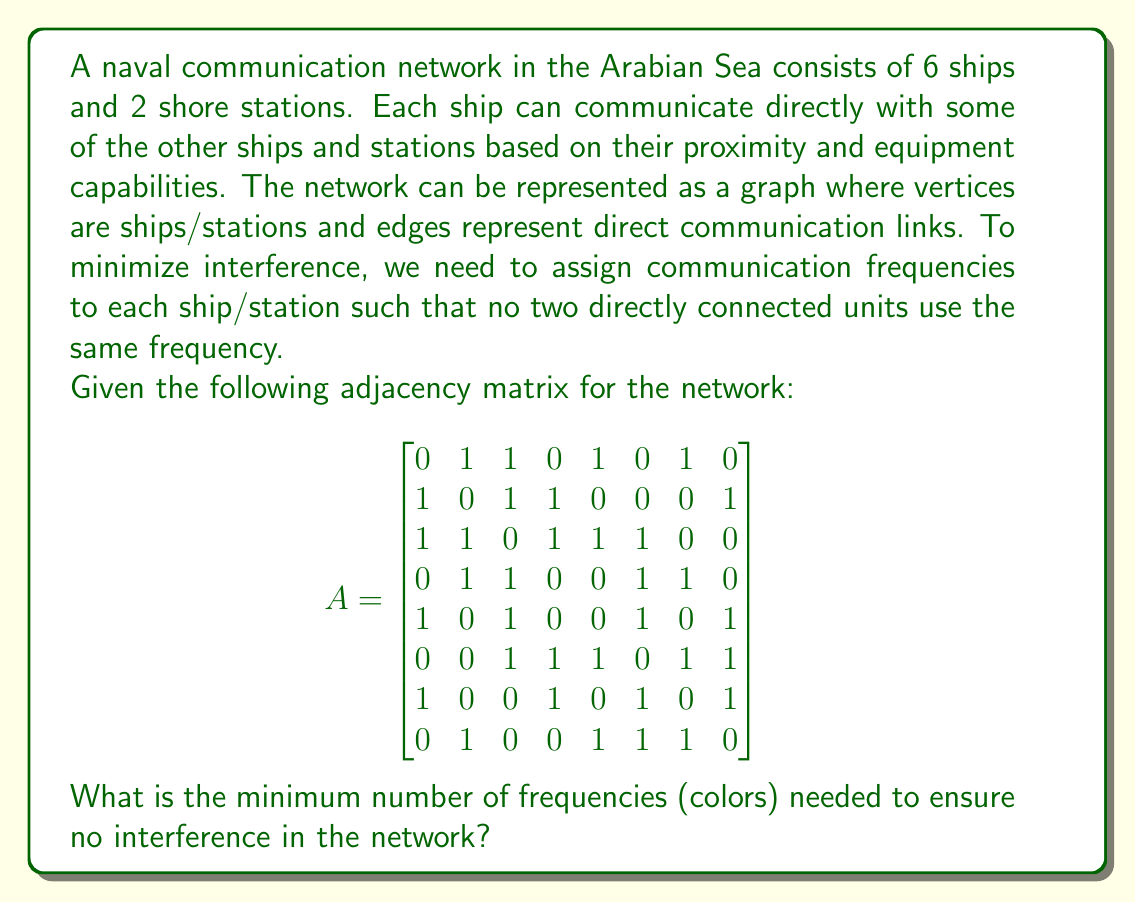Show me your answer to this math problem. To solve this problem, we need to determine the chromatic number of the graph represented by the given adjacency matrix. The chromatic number is the minimum number of colors needed to color the vertices of a graph such that no two adjacent vertices have the same color.

Let's approach this step-by-step:

1. First, we need to visualize the graph. While we can't draw it here, we can analyze the adjacency matrix to understand the connections.

2. We'll use the Welsh-Powell algorithm to find an upper bound for the chromatic number:

   a. Order the vertices by descending degree:
      - Vertex 3 (degree 5)
      - Vertices 2, 6, 8 (degree 4)
      - Vertices 1, 4, 5, 7 (degree 3)

   b. Assign colors:
      - Color 1: Vertex 3
      - Color 2: Vertices 1, 4, 8
      - Color 3: Vertices 2, 5, 7
      - Color 4: Vertex 6

3. This coloring uses 4 colors, so we know the chromatic number is at most 4.

4. To prove that 4 is indeed the minimum, we need to show that 3 colors are not sufficient:
   - The subgraph formed by vertices 2, 3, 4, and 6 is a complete graph (K4).
   - A complete graph with n vertices requires n colors.
   - Therefore, these 4 vertices alone require 4 colors.

5. Thus, we can conclude that the chromatic number of this graph is exactly 4.

This means that a minimum of 4 different frequencies are needed to ensure no interference in the naval communication network.
Answer: The minimum number of frequencies (colors) needed is 4. 
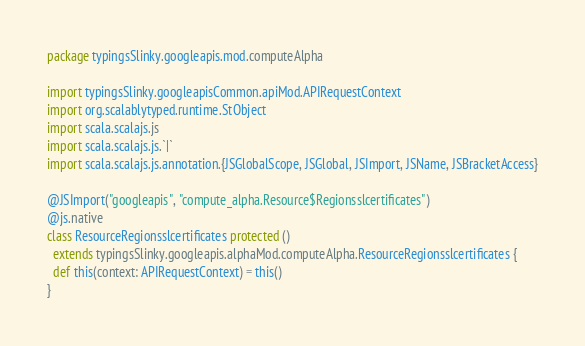Convert code to text. <code><loc_0><loc_0><loc_500><loc_500><_Scala_>package typingsSlinky.googleapis.mod.computeAlpha

import typingsSlinky.googleapisCommon.apiMod.APIRequestContext
import org.scalablytyped.runtime.StObject
import scala.scalajs.js
import scala.scalajs.js.`|`
import scala.scalajs.js.annotation.{JSGlobalScope, JSGlobal, JSImport, JSName, JSBracketAccess}

@JSImport("googleapis", "compute_alpha.Resource$Regionsslcertificates")
@js.native
class ResourceRegionsslcertificates protected ()
  extends typingsSlinky.googleapis.alphaMod.computeAlpha.ResourceRegionsslcertificates {
  def this(context: APIRequestContext) = this()
}
</code> 
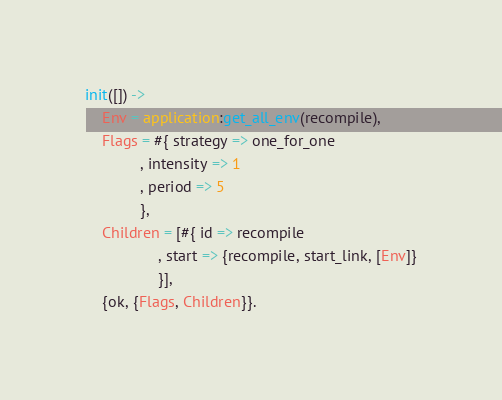<code> <loc_0><loc_0><loc_500><loc_500><_Erlang_>
init([]) ->
    Env = application:get_all_env(recompile),
    Flags = #{ strategy => one_for_one
             , intensity => 1
             , period => 5
             },
    Children = [#{ id => recompile
                 , start => {recompile, start_link, [Env]}
                 }],
    {ok, {Flags, Children}}.
</code> 
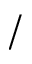Convert formula to latex. <formula><loc_0><loc_0><loc_500><loc_500>/</formula> 
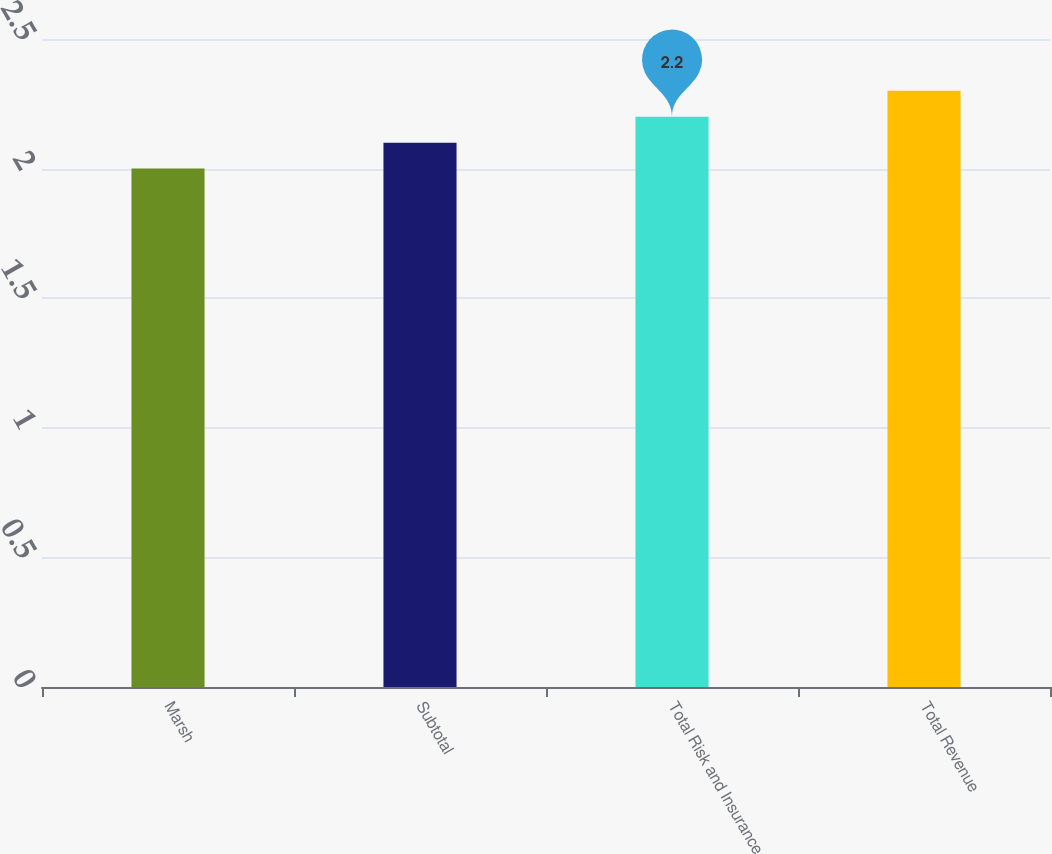<chart> <loc_0><loc_0><loc_500><loc_500><bar_chart><fcel>Marsh<fcel>Subtotal<fcel>Total Risk and Insurance<fcel>Total Revenue<nl><fcel>2<fcel>2.1<fcel>2.2<fcel>2.3<nl></chart> 
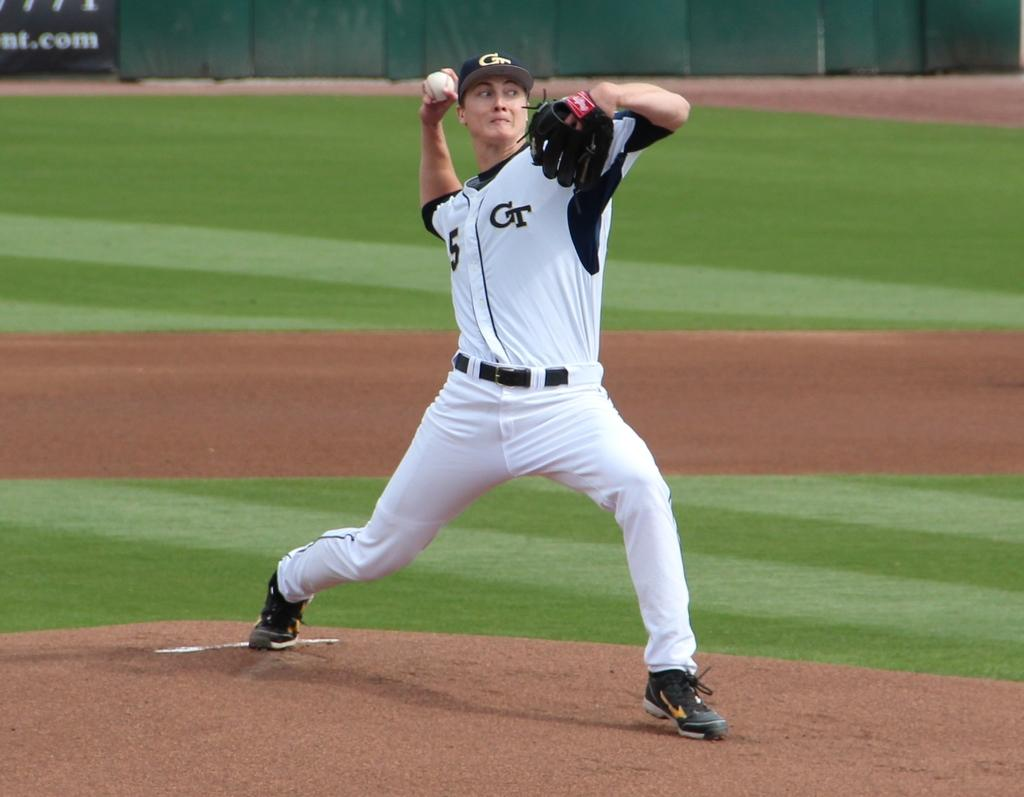<image>
Provide a brief description of the given image. A baseball pitcher is wearing a number 5 on his blue and white CT shirt. 
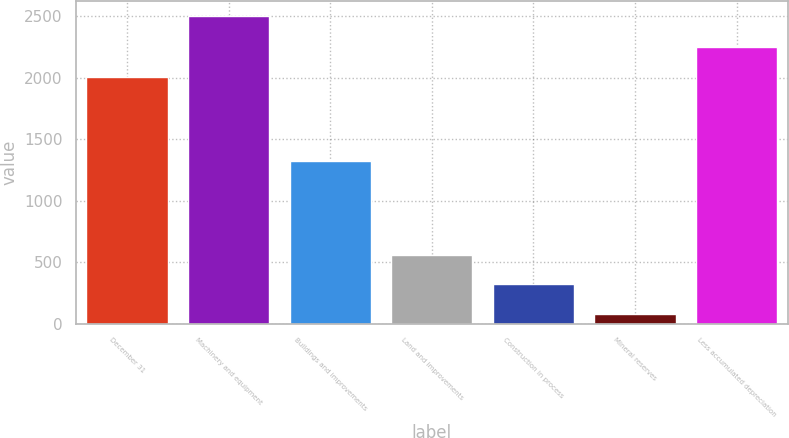Convert chart to OTSL. <chart><loc_0><loc_0><loc_500><loc_500><bar_chart><fcel>December 31<fcel>Machinery and equipment<fcel>Buildings and improvements<fcel>Land and improvements<fcel>Construction in process<fcel>Mineral reserves<fcel>Less accumulated depreciation<nl><fcel>2004<fcel>2500<fcel>1320<fcel>562.4<fcel>320.2<fcel>78<fcel>2246.2<nl></chart> 
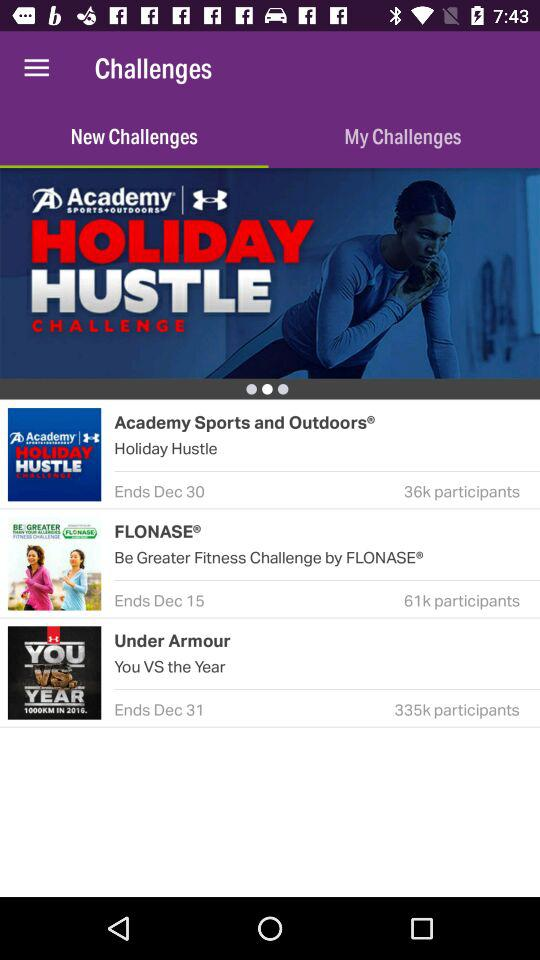What tab is selected? The selected tab is "New Challenges". 
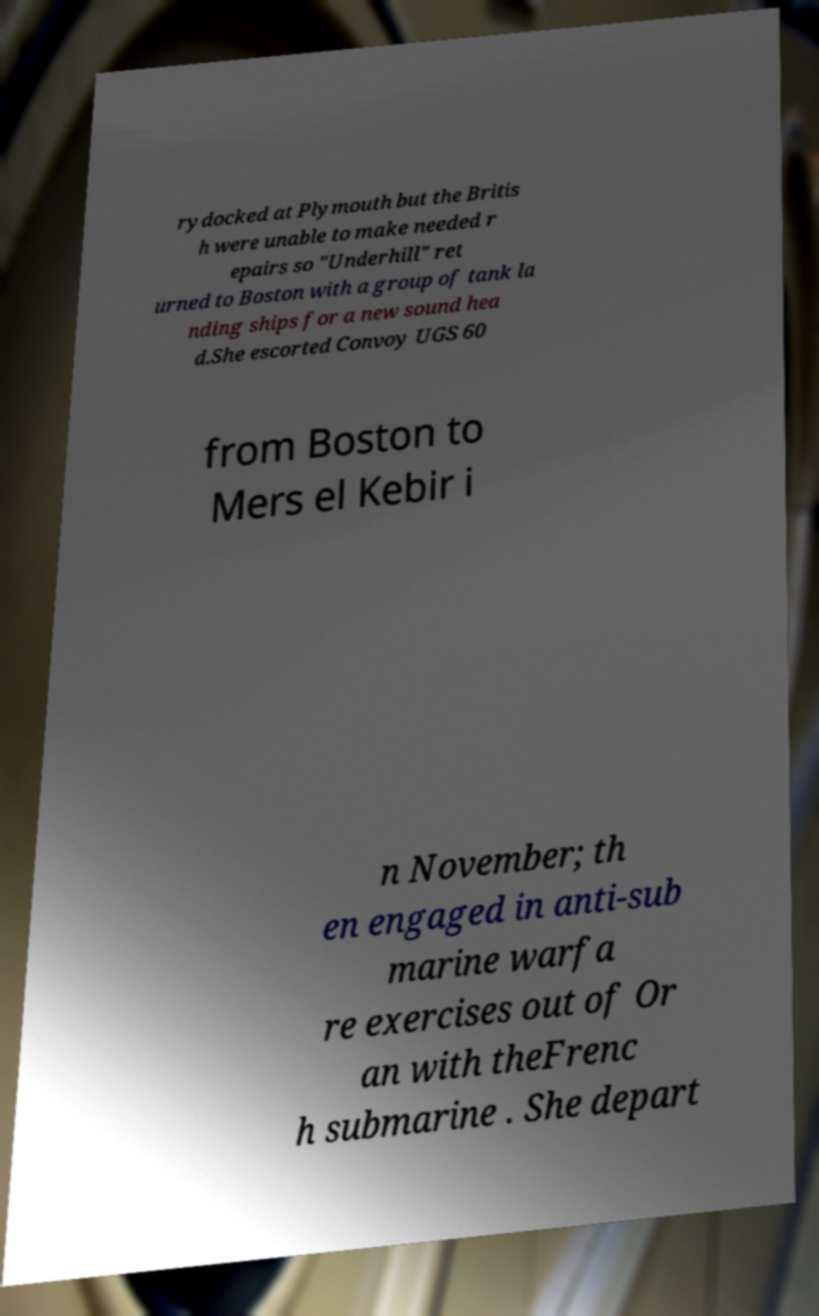Can you accurately transcribe the text from the provided image for me? rydocked at Plymouth but the Britis h were unable to make needed r epairs so "Underhill" ret urned to Boston with a group of tank la nding ships for a new sound hea d.She escorted Convoy UGS 60 from Boston to Mers el Kebir i n November; th en engaged in anti-sub marine warfa re exercises out of Or an with theFrenc h submarine . She depart

____________

Give back, unchanged, the run of lines in the listing above that begins at the line containing "- Color 1: Vertex 3" and ends at the line containing "5. Thus, we", both included.

      - Color 1: Vertex 3
      - Color 2: Vertices 1, 4, 8
      - Color 3: Vertices 2, 5, 7
      - Color 4: Vertex 6

3. This coloring uses 4 colors, so we know the chromatic number is at most 4.

4. To prove that 4 is indeed the minimum, we need to show that 3 colors are not sufficient:
   - The subgraph formed by vertices 2, 3, 4, and 6 is a complete graph (K4).
   - A complete graph with n vertices requires n colors.
   - Therefore, these 4 vertices alone require 4 colors.

5. Thus, we can conclude that the chromatic number of this graph is exactly 4.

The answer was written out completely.